VALID_FIELDS_FROM_PDF = [
    "Agricultural sciences",
    "Biological sciences",
    "Atmospheric sciences",
    "Earth and ocean sciences",
    "Computer sciences",
    "Mathematics",
    "Astronomy",
    "Chemistry",
    "Physics",
    "Other physical sciences",
    "Psychology",
    "Economics",
    "Political science",
    "Sociology",
    "Other social sciences",
    "Aeronautical/Astronautical engineering",
    "Chemical engineering",
    "Civil engineering",
    "Electrical, electronics and communications engineering",
    "Industrial and manufacturing engineering",
    "Materials science engineering",
    "Mechanical engineering",
    "Other engineering",
    "Engineering technology",
    "Health",
    "Education",
    "Humanities",
    "Business management/administration",
    "Communication",
    "Other non-science and engineering/unknown",
    "Multidisciplinary/ interdisciplinary sciences" # Not from original PDF but from the newest NSF Field of Study
]

In [146]:
def strip_extension(file_name):
    return ".".join(file_name.split(".")[:-1])

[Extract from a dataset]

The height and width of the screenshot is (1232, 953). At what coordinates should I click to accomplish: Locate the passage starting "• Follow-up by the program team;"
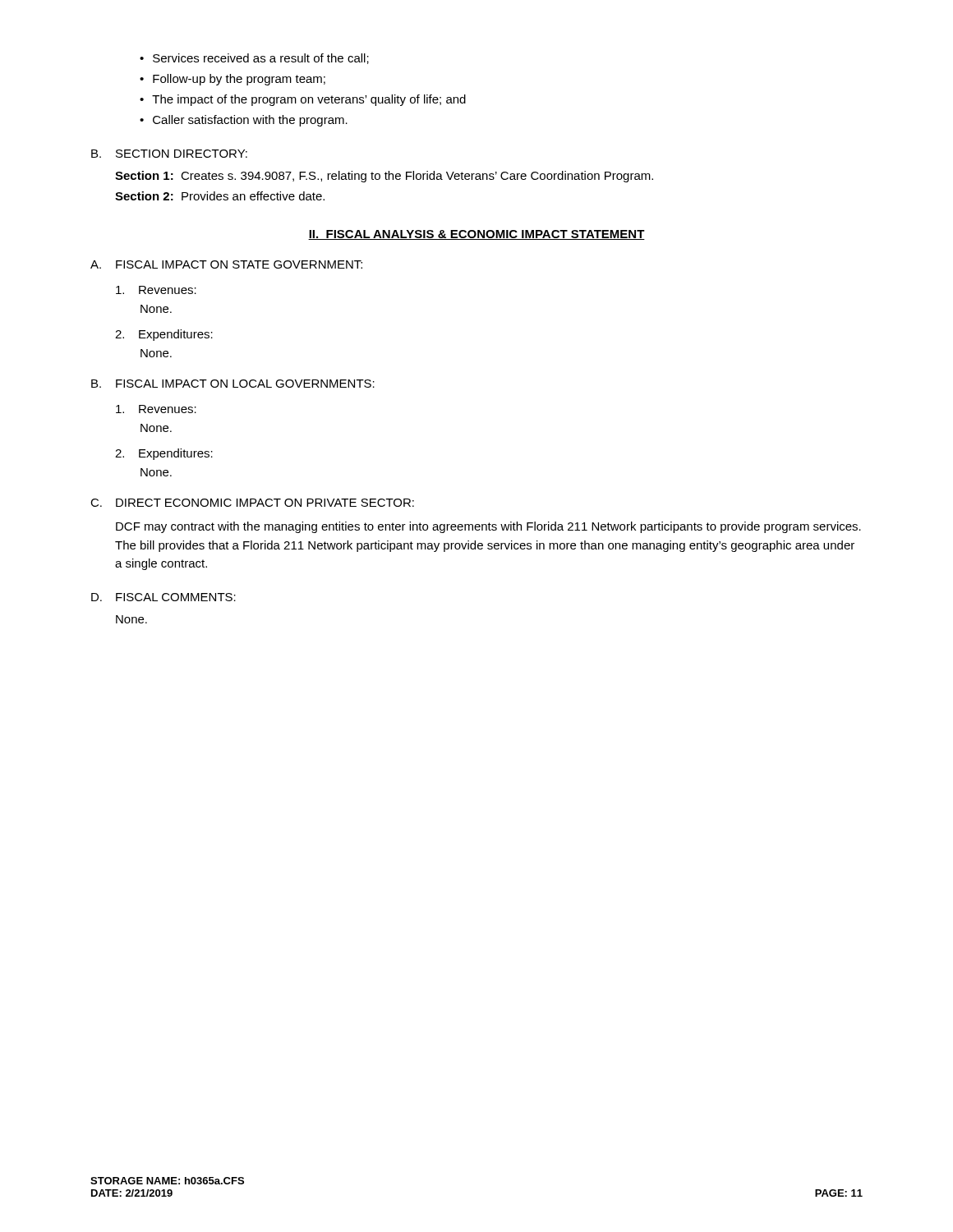pyautogui.click(x=233, y=78)
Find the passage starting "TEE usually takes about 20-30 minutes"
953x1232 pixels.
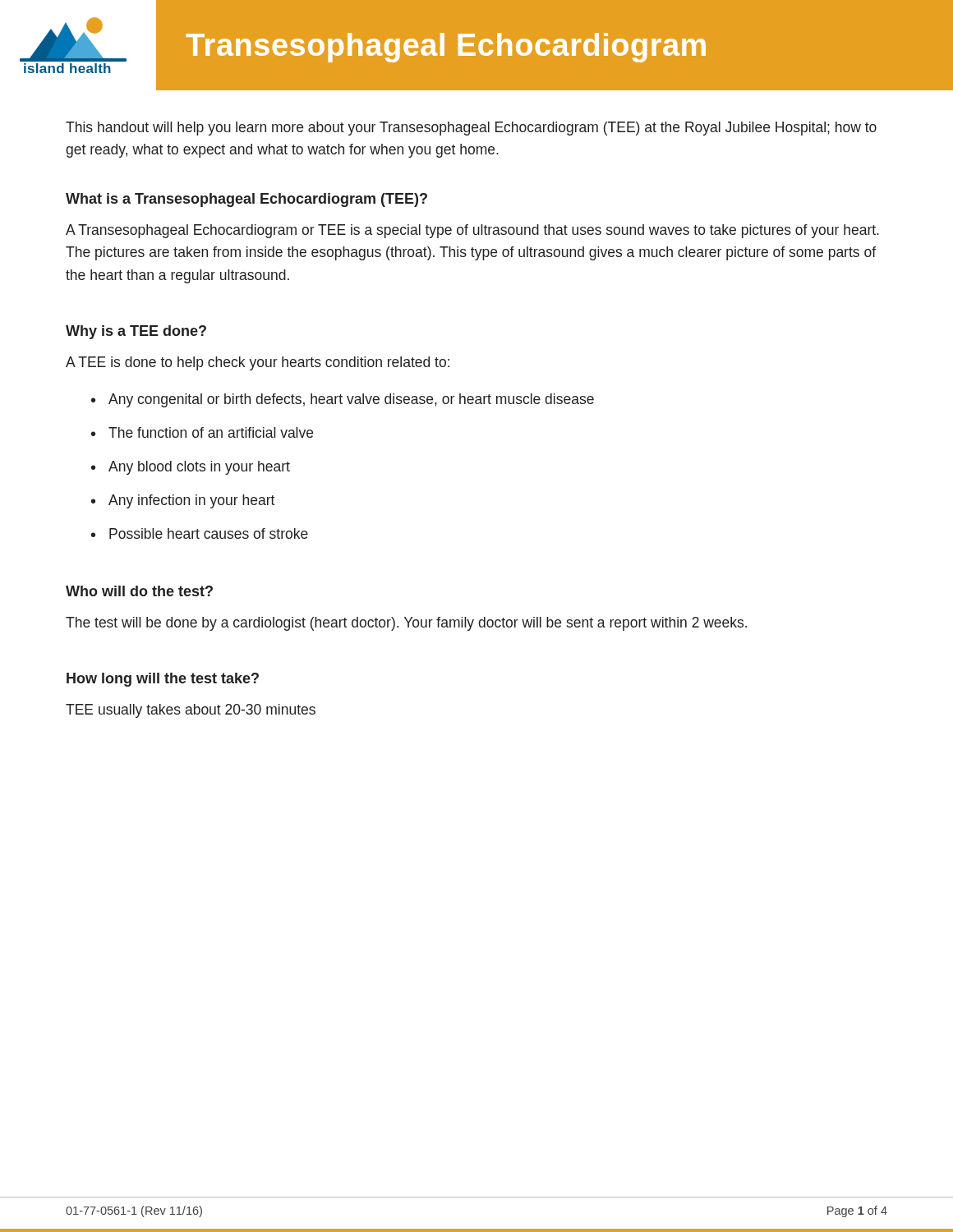191,710

def file_path_to_file_name(file_path):
    return file_path.split("/")[-1]

In [147]:
project_paths = glob.glob(f"{PROJECT_PATH}/*")

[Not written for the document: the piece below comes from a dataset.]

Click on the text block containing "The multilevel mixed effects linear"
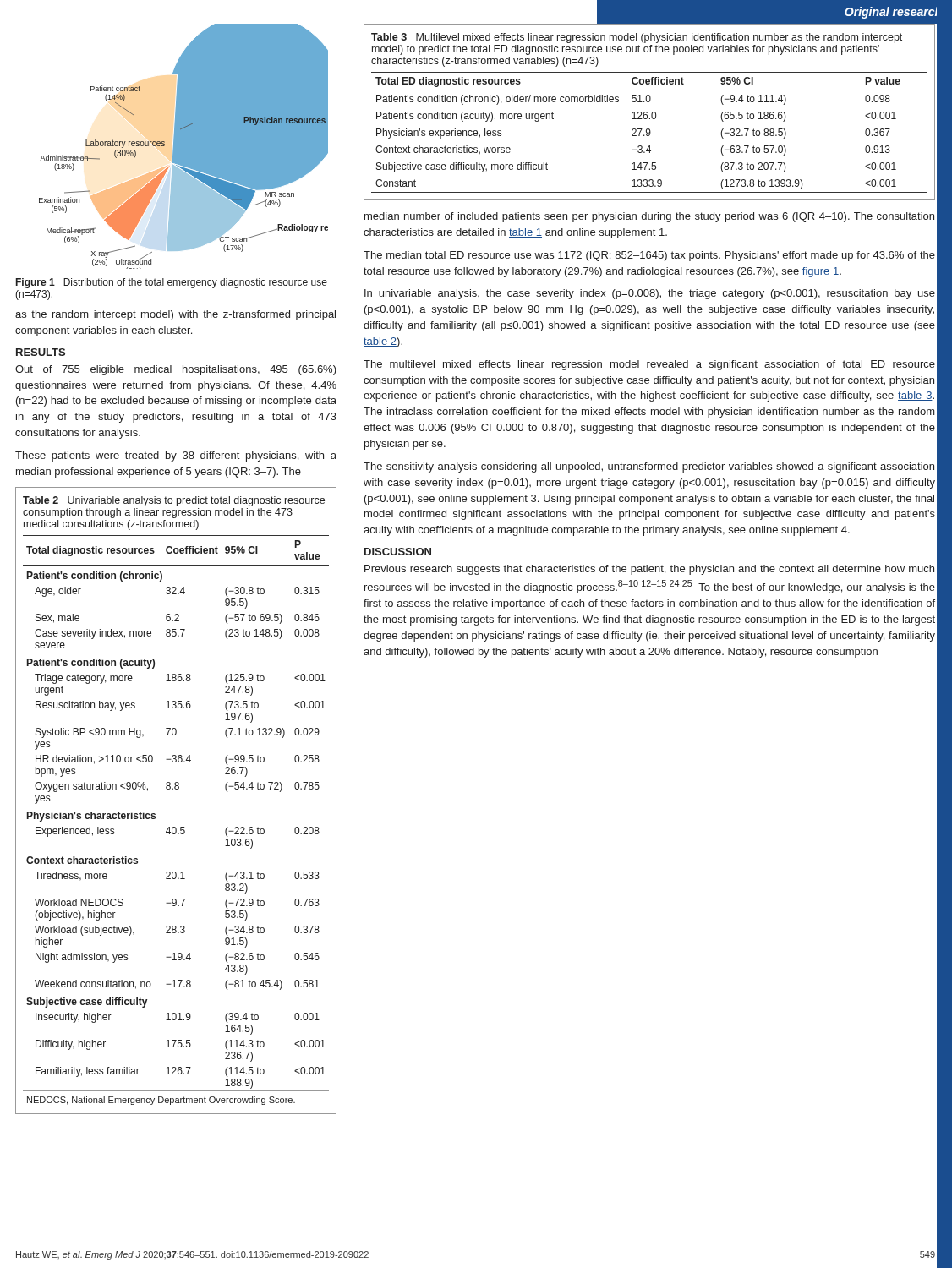952x1268 pixels. (x=649, y=403)

# Build the project DataFrame
PROJECT_VALUE_KEYS = ["ID", "Name", "PIName", "Department", "FieldOfScience"]
project_list = [["File", *PROJECT_VALUE_KEYS]]
for project_path in project_paths:
    
    project_file_name = strip_extension(file_path_to_file_name(project_path))
    
    try:
        project = yaml.load(open(project_path, "r"), Loader=yaml.FullLoader)
        project_list.append([project_file_name, *map(lambda x: project.get(x, None), PROJECT_VALUE_KEYS)])

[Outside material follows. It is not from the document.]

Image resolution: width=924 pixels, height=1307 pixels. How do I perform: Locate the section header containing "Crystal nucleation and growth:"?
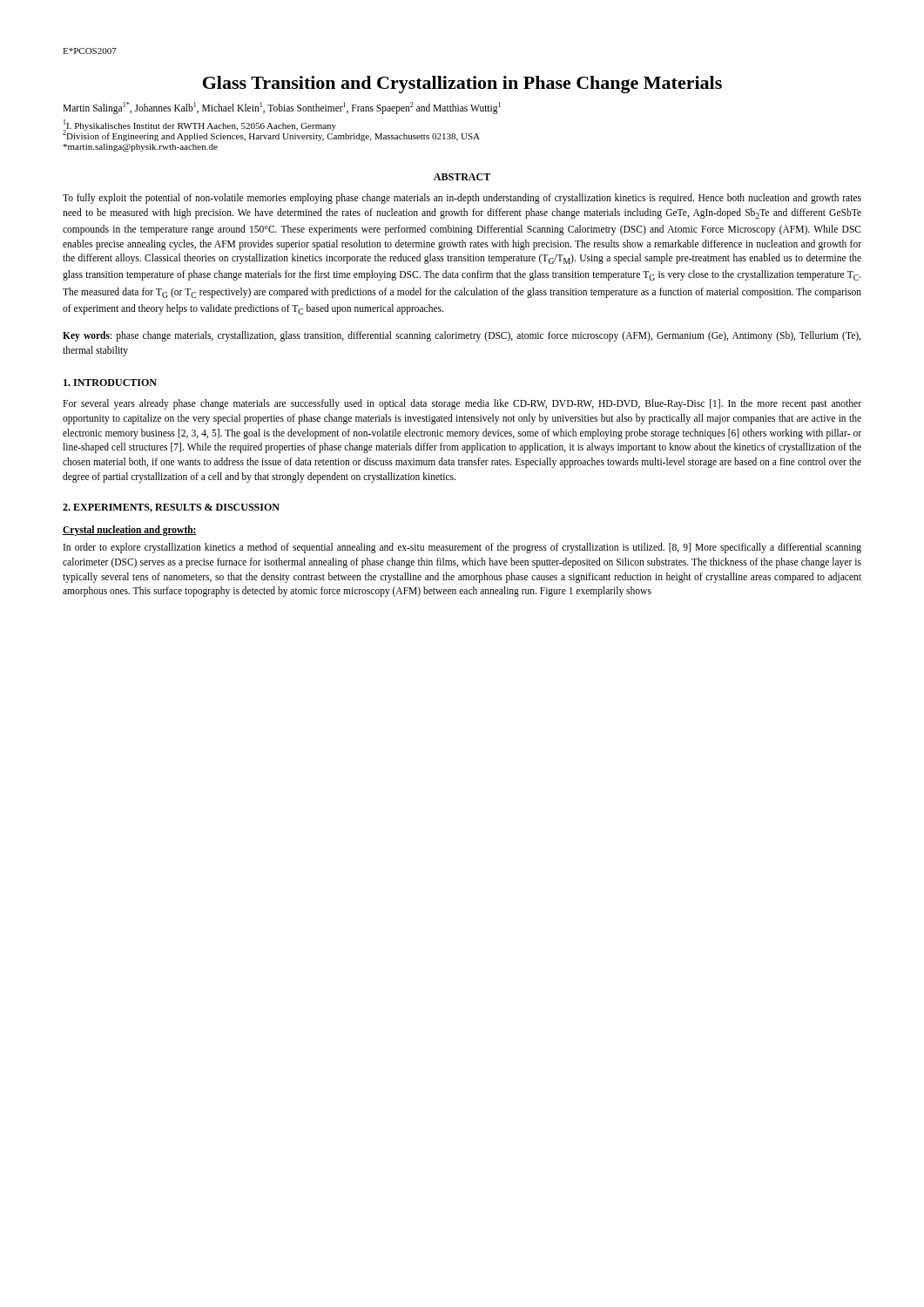point(130,530)

    except Exception as e:
        print(f"Error in {project_file_name}: {e}")

project_df = pd.DataFrame(project_list[1:], columns=project_list[0])


Error in : mapping values are not allowed here
  in "/Users/clock/PycharmProjects/topology/projects/NCSU_2023_Hall", line 1, column 282


In [148]:
# Start the final Field of Science column
project_df["FinalFieldOfScience"] = project_df["FieldOfScience"].apply(lambda x: x if x in VALID_FIELDS_FROM_PDF else np.nan)

print(f"Final Field of Science is still missing for {project_df['FinalFieldOfScience'].isna().sum()}/{len(project_df['FinalFieldOfScience'])} projects.")

Final Field of Science is still missing for 893/1093 projects.


In [149]:
# Add the columns whose casing does not match
VALID_FIELDS_FROM_PDF_LOWER_MAP = {v.lower(): v for v in VALID_FIELDS_FROM_PDF}
project_df["FieldOfScienceIsCorrectCasingIndependent"] = project_df["FieldOfScience"].str.lower().isin(VALID_FIELDS_FROM_PDF_LOWER_MAP) & project_df["FinalFieldOfScience"].isna()
project_df["FinalFieldOfScience"] = project_df["FinalFieldOfScience"].fillna(project_df["FieldOfScience"].apply(lambda x: VALID_FIELDS_FROM_PDF_LOWER_MAP[x.lower()] if isinstance(x, str) and x.lower() in VALID_FIELDS_FROM_PDF_LOWER_MAP else np.nan))

# Matching Stats
print(f"Mapped an additional {project_df['FieldOfScienceIsCorrectCasingIndependent'].sum()} Fields of Science with incorrect casing.")
print(f"Final Field of Science is still missing for {project_df['FinalFieldOfScience'].isna().sum()}/{len(project_df['FinalFieldOfScience'])} projects.")


Mapped an additional 107 Fields of Science with incorrect casing.
Final Field of Science is still missing for 786/1093 projects.


In [150]:
# Add the rows who can be mapped
NSF_MAPPING = yaml.load(open(NSF_MAPPING_PATH, "r"), Loader=yaml.FullLoader)

project_df["FieldOfScienceViaMappingFile"] = project_df["FieldOfScience"].map(NSF_MAPPING).str.lower().map(VALID_FIELDS_FROM_PDF_LOWER_MAP).isin(VALID_FIELDS_FROM_PDF)
project_df["FinalFieldOfScience"] = project_df["FinalFieldOfScience"].fillna(project_df["FieldOfScience"].map(NSF_MAPPING).str.lower().map(VALID_FIELDS_FROM_PDF_LOWER_MAP))

# Matching Stats
print(f"Mapped an additional {project_df['FieldOfScienceViaMappingFile'].sum()} Fields of Science that were mapped correctly in the original mapping file.")
print(f"Final Field of Science is still missing for {project_df['FinalFieldOfScience'].isna().sum()}/{len(project_df['FinalFieldOfScience'])} projects.")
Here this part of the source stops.